[Problem requirements] From the entries, filter out every line that lacks "down" and copy the rest.

[Records supplied]
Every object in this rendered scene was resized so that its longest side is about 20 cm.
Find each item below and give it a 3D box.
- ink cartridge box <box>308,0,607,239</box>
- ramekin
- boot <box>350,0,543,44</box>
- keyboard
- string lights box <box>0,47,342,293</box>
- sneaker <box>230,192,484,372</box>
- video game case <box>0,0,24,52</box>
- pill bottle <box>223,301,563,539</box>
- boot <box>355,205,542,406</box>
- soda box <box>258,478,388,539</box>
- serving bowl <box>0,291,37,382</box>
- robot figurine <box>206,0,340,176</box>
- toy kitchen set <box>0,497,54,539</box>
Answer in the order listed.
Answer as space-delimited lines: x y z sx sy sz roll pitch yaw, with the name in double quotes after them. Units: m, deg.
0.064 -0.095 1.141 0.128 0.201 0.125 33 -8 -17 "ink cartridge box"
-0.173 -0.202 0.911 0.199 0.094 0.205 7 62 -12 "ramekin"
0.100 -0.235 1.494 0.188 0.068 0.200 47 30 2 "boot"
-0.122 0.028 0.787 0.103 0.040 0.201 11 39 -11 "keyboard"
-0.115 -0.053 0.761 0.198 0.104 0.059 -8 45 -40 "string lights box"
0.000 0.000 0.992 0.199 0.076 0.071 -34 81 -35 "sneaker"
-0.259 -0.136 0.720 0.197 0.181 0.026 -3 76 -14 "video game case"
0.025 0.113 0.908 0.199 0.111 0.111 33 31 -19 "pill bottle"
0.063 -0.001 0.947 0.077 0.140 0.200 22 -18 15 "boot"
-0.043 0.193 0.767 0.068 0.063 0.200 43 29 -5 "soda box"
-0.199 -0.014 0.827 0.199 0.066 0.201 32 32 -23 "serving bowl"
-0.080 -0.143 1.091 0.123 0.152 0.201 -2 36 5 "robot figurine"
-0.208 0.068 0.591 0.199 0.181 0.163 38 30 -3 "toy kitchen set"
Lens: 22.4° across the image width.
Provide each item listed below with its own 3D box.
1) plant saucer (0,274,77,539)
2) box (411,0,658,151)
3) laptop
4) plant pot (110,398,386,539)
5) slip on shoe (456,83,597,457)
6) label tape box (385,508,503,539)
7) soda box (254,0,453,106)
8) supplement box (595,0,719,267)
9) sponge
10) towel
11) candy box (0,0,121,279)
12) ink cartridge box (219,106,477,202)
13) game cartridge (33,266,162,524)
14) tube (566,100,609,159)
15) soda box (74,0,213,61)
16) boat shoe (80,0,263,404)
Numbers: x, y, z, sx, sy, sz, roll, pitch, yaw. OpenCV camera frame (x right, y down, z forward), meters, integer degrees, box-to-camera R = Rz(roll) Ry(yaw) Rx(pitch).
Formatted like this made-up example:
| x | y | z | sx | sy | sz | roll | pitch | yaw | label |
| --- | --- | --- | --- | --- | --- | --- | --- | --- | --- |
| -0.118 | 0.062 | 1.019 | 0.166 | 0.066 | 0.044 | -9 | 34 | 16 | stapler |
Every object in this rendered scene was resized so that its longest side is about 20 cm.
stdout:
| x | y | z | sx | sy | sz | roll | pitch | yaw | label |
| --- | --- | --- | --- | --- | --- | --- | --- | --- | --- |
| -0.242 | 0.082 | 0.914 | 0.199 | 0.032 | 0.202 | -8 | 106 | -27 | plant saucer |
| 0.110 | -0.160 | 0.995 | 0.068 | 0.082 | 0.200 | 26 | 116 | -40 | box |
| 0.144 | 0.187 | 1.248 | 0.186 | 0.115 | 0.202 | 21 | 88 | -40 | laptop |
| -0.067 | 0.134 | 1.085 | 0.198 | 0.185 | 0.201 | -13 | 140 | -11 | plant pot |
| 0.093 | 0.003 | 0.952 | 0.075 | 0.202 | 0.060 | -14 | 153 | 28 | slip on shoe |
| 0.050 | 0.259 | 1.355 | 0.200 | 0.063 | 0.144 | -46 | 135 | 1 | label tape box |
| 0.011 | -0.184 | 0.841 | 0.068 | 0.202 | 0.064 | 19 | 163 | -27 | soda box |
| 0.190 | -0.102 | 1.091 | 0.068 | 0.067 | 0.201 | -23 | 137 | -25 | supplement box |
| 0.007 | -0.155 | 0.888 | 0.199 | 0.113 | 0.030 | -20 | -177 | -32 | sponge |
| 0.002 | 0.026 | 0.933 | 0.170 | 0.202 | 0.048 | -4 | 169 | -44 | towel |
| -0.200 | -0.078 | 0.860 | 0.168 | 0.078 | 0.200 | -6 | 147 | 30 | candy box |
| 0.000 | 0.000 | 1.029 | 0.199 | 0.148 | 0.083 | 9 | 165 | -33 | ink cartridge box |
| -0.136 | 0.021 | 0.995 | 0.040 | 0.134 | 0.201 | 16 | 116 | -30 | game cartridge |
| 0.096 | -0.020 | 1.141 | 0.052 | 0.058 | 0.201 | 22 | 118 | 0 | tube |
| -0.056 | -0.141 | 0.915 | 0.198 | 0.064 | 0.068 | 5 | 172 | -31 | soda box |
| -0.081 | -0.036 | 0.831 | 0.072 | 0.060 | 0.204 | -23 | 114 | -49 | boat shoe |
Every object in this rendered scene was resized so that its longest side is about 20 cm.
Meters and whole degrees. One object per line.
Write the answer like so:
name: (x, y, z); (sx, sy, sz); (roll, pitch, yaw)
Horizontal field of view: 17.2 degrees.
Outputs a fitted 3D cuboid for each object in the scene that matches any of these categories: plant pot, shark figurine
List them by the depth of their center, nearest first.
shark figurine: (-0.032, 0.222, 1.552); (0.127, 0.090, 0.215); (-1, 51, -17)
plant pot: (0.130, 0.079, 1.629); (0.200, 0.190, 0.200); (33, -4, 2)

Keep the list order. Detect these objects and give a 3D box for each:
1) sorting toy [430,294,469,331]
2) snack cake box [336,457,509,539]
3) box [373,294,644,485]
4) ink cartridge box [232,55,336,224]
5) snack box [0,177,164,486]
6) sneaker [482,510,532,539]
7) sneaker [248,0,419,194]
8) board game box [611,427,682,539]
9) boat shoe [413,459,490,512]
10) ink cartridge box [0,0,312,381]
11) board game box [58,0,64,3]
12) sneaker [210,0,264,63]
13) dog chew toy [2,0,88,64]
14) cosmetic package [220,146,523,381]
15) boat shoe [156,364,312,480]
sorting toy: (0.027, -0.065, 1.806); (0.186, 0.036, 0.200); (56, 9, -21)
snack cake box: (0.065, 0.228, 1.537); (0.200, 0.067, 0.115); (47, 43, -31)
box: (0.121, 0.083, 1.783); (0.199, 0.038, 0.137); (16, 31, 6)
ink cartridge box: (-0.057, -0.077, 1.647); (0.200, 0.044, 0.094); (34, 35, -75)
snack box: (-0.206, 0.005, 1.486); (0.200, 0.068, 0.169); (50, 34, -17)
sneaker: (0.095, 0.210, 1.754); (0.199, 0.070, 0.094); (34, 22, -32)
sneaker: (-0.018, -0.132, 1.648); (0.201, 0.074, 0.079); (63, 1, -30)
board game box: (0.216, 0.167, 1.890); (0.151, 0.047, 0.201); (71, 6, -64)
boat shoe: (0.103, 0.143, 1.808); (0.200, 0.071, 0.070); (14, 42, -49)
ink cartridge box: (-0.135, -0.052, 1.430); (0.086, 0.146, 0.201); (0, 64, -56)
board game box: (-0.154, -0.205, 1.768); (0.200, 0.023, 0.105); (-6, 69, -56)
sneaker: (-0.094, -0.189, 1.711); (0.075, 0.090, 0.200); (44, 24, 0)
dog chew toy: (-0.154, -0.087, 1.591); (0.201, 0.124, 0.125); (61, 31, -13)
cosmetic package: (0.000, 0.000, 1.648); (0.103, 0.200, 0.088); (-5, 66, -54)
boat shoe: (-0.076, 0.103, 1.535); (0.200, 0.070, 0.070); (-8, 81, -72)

---

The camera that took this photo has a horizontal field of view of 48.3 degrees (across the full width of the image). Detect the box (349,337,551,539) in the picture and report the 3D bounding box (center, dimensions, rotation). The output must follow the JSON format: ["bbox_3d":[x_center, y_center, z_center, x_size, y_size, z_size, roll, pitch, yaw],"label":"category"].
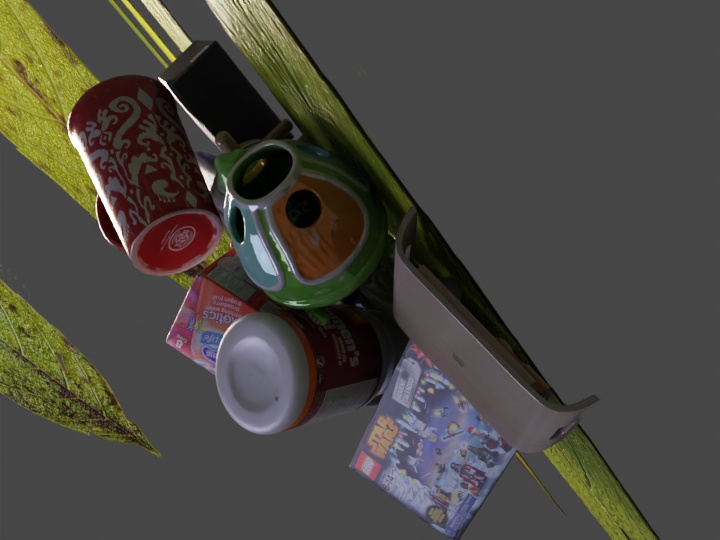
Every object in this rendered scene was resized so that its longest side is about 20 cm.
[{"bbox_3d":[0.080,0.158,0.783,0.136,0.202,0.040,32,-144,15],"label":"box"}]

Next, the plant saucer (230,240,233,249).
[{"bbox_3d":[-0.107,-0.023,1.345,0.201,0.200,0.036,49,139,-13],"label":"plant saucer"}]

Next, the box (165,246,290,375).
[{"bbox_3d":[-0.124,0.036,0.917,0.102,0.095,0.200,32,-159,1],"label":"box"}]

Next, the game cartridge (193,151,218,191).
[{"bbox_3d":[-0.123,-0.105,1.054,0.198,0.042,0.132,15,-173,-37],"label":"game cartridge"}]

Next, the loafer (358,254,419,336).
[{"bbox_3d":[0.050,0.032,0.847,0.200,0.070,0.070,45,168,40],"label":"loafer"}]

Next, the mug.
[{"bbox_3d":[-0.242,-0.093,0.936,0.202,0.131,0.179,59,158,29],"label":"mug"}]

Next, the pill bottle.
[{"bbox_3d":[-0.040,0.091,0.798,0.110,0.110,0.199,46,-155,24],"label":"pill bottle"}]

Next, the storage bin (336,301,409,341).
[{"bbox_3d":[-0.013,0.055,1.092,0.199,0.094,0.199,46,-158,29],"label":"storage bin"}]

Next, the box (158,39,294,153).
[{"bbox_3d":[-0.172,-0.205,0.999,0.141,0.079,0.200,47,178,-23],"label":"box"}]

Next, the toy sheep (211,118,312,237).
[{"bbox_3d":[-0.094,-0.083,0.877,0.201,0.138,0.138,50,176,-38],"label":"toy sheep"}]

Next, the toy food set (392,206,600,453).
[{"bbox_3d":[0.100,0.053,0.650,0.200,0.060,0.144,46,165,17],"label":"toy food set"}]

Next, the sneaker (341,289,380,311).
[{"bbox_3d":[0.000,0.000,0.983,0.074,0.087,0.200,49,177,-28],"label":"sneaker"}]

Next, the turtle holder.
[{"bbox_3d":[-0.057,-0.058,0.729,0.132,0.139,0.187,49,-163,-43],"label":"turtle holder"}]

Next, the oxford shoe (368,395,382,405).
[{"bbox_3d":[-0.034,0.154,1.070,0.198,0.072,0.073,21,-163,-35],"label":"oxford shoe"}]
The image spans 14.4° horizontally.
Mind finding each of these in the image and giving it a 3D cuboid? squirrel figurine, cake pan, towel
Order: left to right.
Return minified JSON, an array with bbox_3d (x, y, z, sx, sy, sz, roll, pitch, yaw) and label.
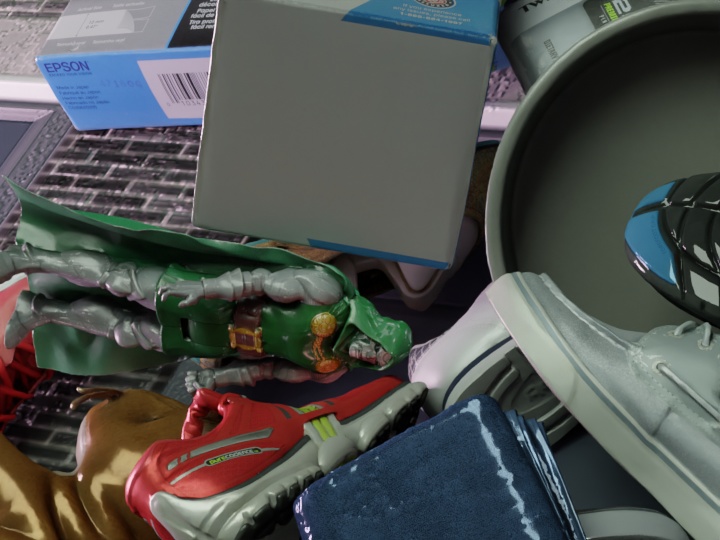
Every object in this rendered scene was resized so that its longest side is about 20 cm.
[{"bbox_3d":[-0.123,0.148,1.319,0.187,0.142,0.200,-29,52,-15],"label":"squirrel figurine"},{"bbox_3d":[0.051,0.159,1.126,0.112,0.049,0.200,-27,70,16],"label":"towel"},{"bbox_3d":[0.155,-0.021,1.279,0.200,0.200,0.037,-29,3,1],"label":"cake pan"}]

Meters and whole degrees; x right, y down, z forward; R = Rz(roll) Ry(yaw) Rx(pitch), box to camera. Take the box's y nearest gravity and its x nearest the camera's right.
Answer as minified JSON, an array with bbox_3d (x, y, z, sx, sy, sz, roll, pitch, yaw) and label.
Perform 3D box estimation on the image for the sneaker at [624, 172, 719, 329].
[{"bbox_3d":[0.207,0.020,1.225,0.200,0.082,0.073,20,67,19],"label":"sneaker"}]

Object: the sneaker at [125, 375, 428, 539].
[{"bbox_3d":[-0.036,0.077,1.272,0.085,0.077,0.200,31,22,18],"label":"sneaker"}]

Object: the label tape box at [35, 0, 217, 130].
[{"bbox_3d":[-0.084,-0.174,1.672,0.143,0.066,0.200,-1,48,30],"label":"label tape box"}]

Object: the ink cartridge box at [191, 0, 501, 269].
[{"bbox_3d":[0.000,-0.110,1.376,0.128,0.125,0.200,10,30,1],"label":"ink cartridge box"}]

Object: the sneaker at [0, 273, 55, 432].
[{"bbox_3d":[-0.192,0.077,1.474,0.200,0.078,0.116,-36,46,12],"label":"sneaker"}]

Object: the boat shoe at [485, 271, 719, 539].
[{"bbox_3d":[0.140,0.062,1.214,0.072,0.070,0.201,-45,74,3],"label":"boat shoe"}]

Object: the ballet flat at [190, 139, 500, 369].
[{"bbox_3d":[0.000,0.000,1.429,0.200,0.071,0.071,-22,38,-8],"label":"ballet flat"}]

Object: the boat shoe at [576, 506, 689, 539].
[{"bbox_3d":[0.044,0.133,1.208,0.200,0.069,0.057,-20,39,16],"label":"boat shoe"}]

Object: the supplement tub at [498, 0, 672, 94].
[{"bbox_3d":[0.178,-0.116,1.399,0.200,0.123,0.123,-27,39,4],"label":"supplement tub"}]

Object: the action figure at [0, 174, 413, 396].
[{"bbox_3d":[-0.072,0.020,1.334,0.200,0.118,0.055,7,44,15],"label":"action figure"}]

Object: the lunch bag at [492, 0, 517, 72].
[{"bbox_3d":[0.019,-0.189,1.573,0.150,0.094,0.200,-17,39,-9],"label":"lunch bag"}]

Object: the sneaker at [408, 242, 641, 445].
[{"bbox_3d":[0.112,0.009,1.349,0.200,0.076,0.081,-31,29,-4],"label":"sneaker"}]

[Expected answer]
Numbers: x, y, z, sx, sy, sz, roll, pitch, yaw. OpenCV camera frame (x right, y down, z forward), meters, integer degrees, box-to-camera R = Rz(roll) Ry(yaw) Rx(pitch).
Meters and whole degrees; x right, y down, z forward; R = Rz(roll) Ry(yaw) Rx(pitch), box to camera. Take the box's y nearest gravity and its x nearest the camera's right.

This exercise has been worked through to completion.